The record reveals that Lucas had no explanation for why her answers to the question of “did you know the document was a will?” were inconsistent. Accordingly, there is no positive testimony contradicting the attestation clause, the presumption of proper execution remains and her testimony does not invalidate the execution of the will. Cooper.1 The evidence preponderates against the Trial Court’s findings, and supports the finding created by the presumption that Lucas was aware that the document was a will. *401See Interstate Fire Insurance Co. v. Kimbrough, 852 S.W.2d 887 (Tenn.App.1992).

The circumstances surrounding the attestation of the second witness, Ms. Smith, presents a more difficult issue. This jurisdiction has no case directly addressing the elements necessary for the testator and witnesses to be in each others “presence.” This term is generally construed according to the circumstances of each case. 79 Am-Jur2d, Wills, § 321 (1975). Emphasis is placed on the ability of the testator to actually see or be able to see the witnesses if he/she wished. Id; Stanley v. Kelley, 267 Ala. 379, 102 So.2d 16, 18 (1958) (“[it] is not necessary to prove that testator actually saw the witnesses sign their names to the will. It is sufficient if, from their relative positions, he could see them.”); Moore v. Glover, 196 Okla. 177, 163 P.2d 1003, 1006 (1945) (witness and testator sufficiently in each others’ presence where testator waited outside in the ear while witness signed at desk inside building; testator could see witness through large glass window).
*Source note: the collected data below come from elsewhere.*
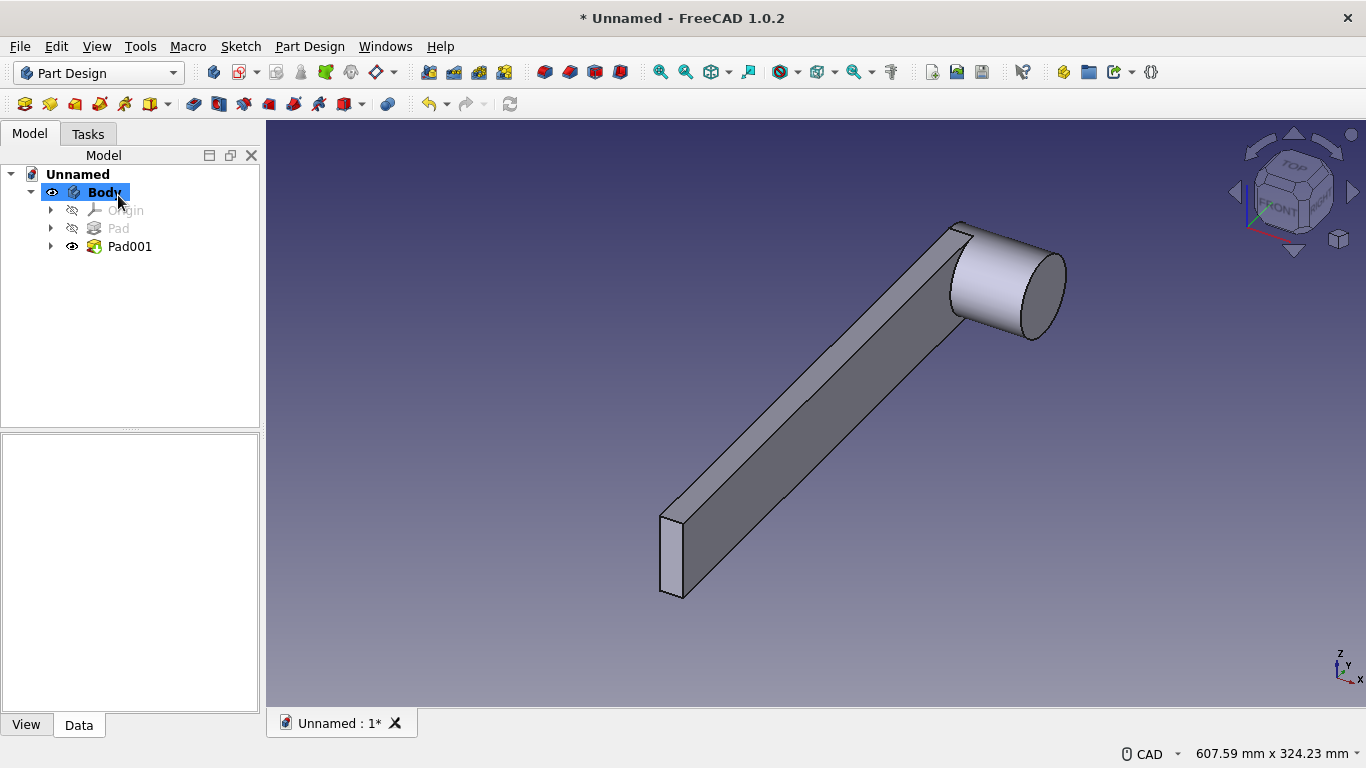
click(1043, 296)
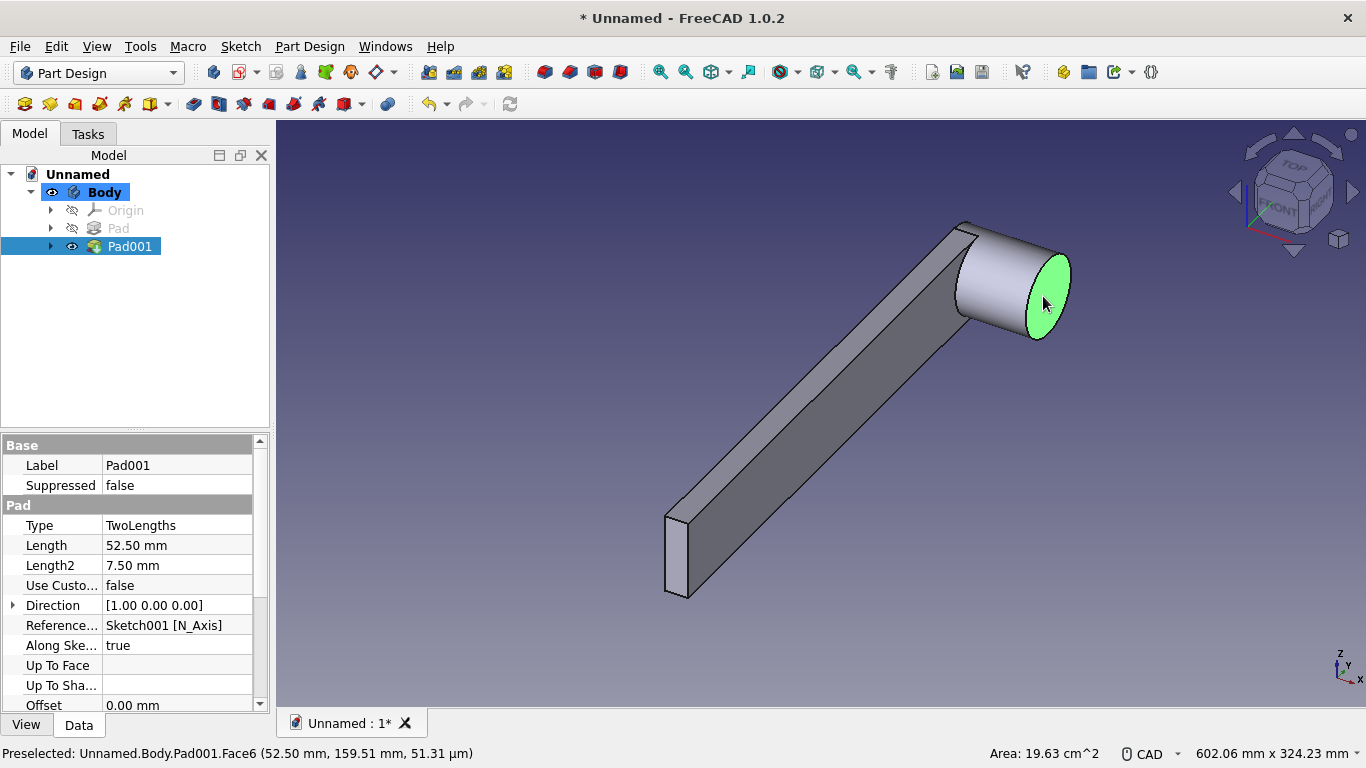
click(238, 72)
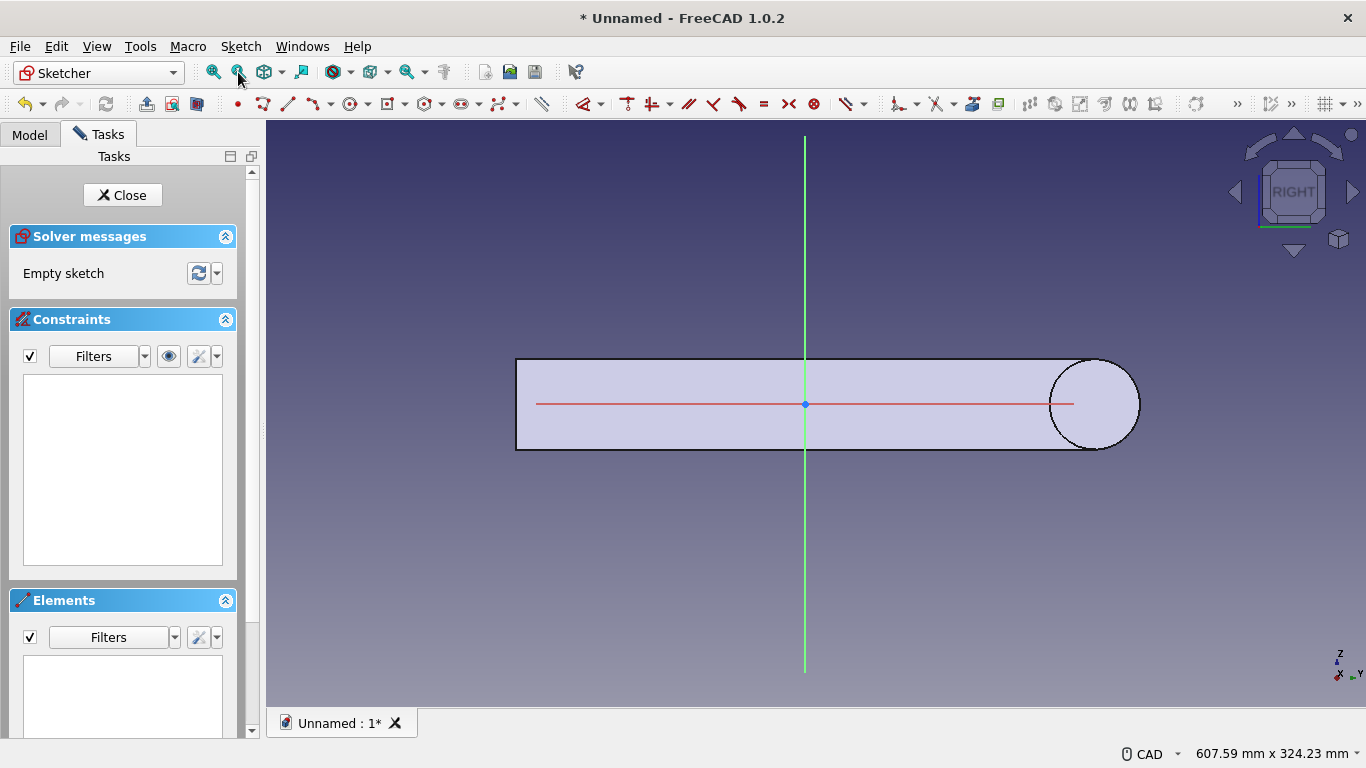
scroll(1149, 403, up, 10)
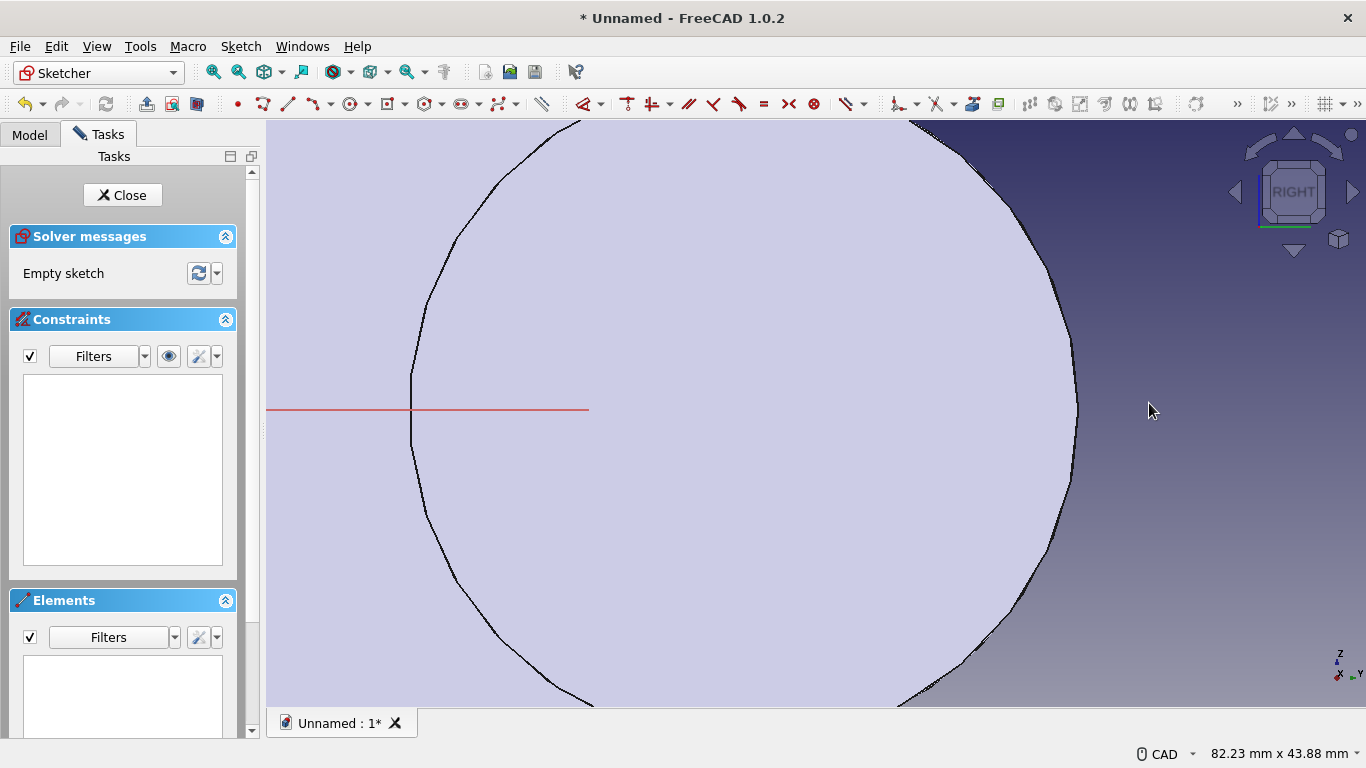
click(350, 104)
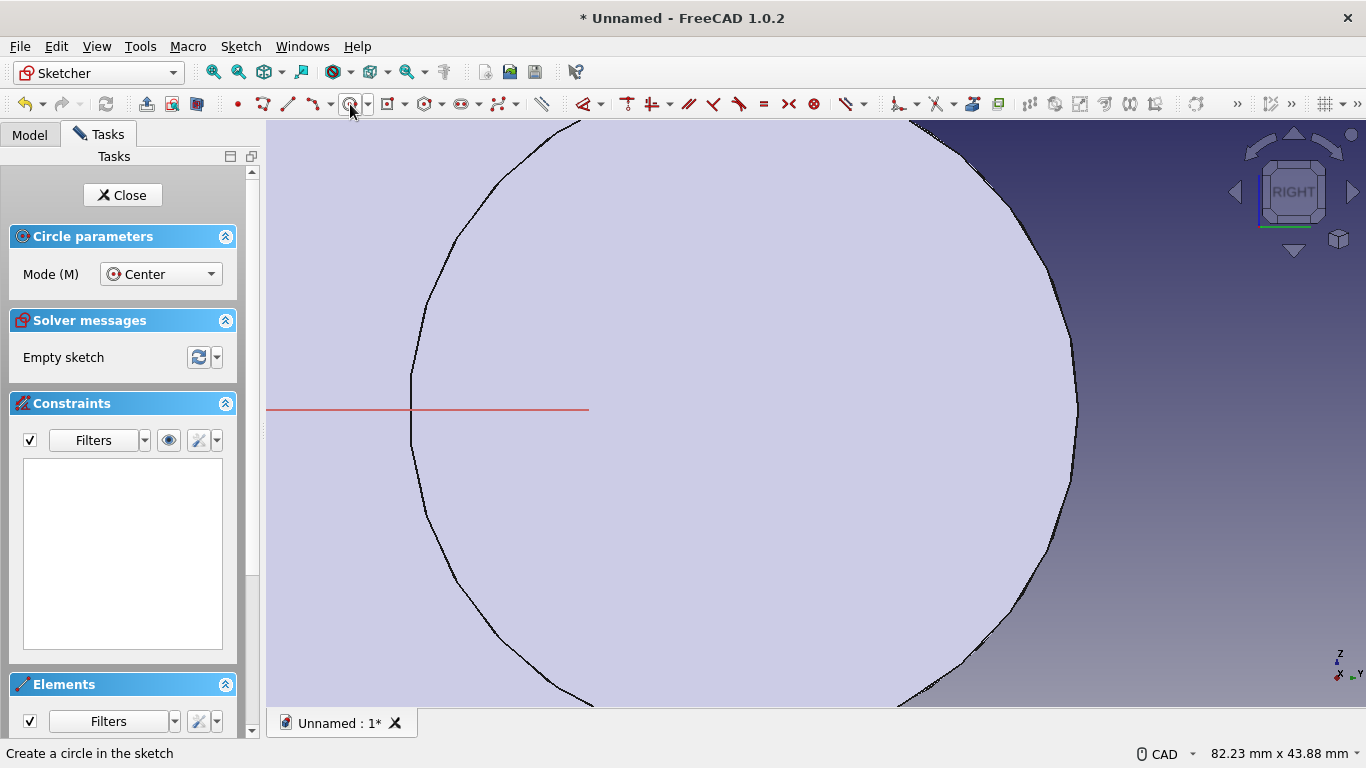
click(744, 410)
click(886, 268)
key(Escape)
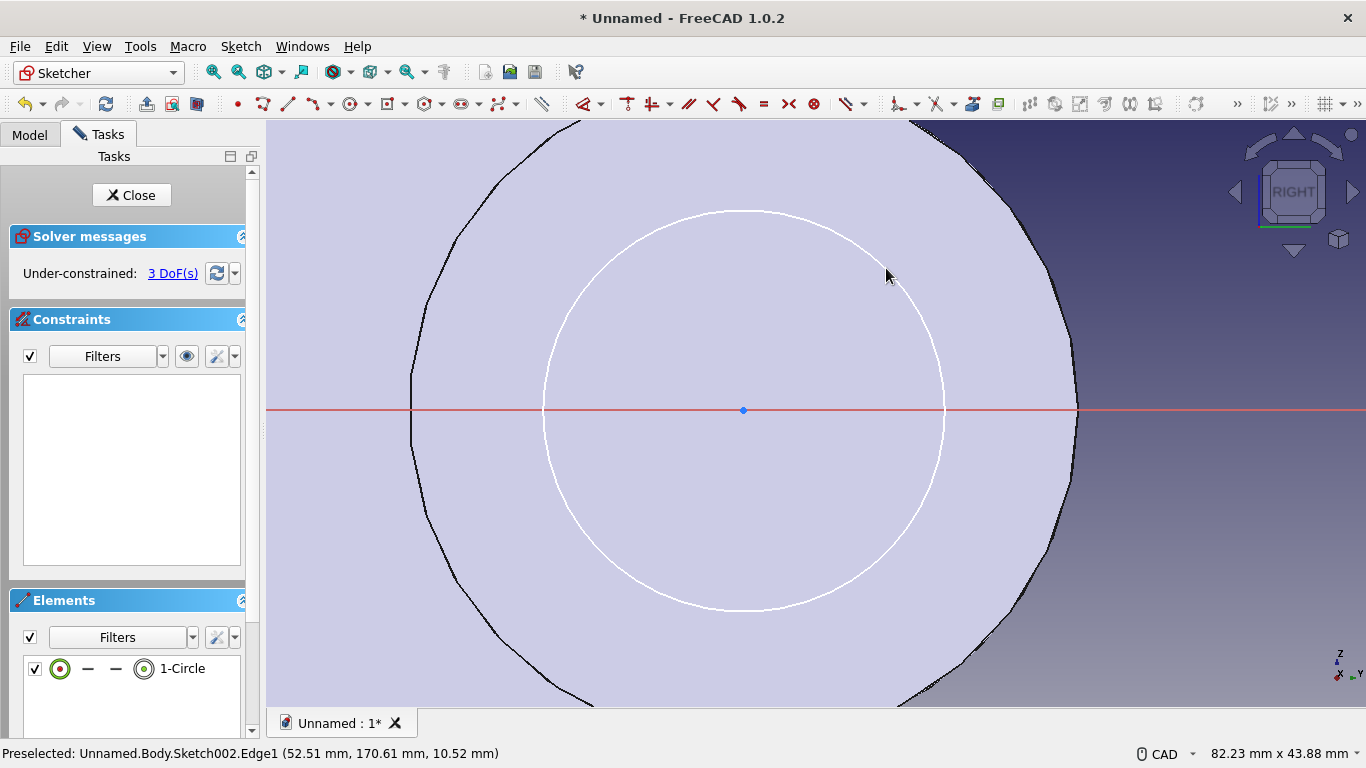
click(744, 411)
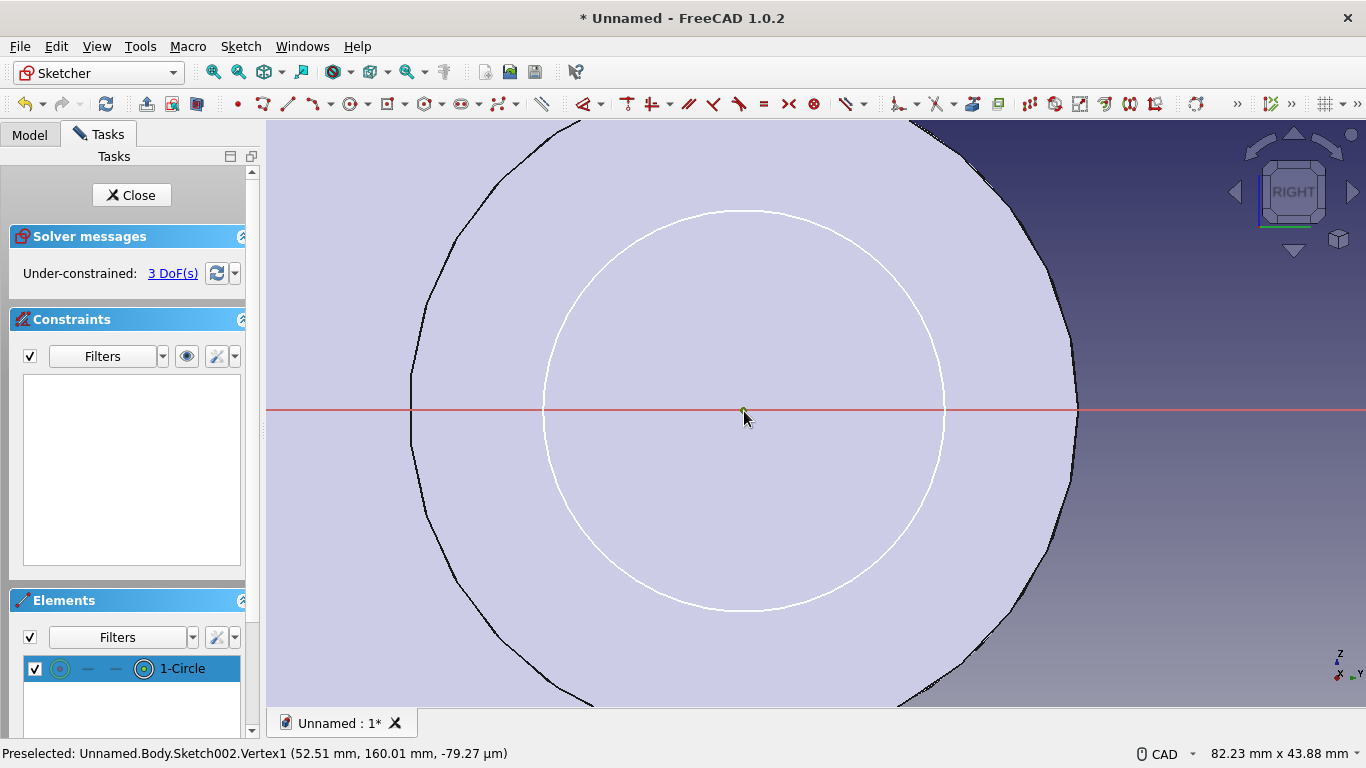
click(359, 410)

An attestation in the same room or close vicinity with the testator is generally considered to be in his/her presence, unless there is a physical obstacle blocking the view. Id. at § 322; In re Estate of Holden, 261 Minn. 527, 113 N.W.2d 87, 92 (1962); Estate of Politowicz, 124 N.J.Super. 9, 304 A.2d 569 (1973). These authorities reveal that relatively short distances, such as across the bank lobby, may not necessarily prevent the testator and witnesses from being in each others’ presence. Smith had known decedent, and saw him enter the bank and conduct business at Ms. Stegall’s desk, she testified that she did not know he was signing the will, but she was sure it was his will when she signed as a witness. She recognized his signature and she was expressly told it was decedent’s will.2

Brenda Stegall, the notary, testified that she was present during the entire transaction, was made aware that it was decedent’s will, saw the testator and the other witnesses sign the will, that no substitution occurred, and that the testator’s manner and behavior were no different than on any other time in which he visited the bank. In view of our findings, we do not reach the issue of whether Stegall could be found to be an attesting witnesss to satisfy the requirements of the statute.

As public policy in Tennessee favors upholding a will where it is possible to do so, Leathers v. Binkley, supra, we hold that the evidence satisfies the requirements of the statute as to the two attesting witnesses. We reverse the Chancellor’s finding that the will should not be admitted to probate and remand with the direction that the will be admitted to probate for further proceedings in this Estate.

The cost of the appeal is assessed to the appellees.

SUSANO, J., concurs. WILLIAM H. INMAN, Senior Judge, concurs with separate opinion.

. It can also be said that the attestations clause corroborated Lucas’ in court testimony.

. The request to witness a will may be made by a third person as the testator’s agent or representative. In re: Estate of Bradley, page 323.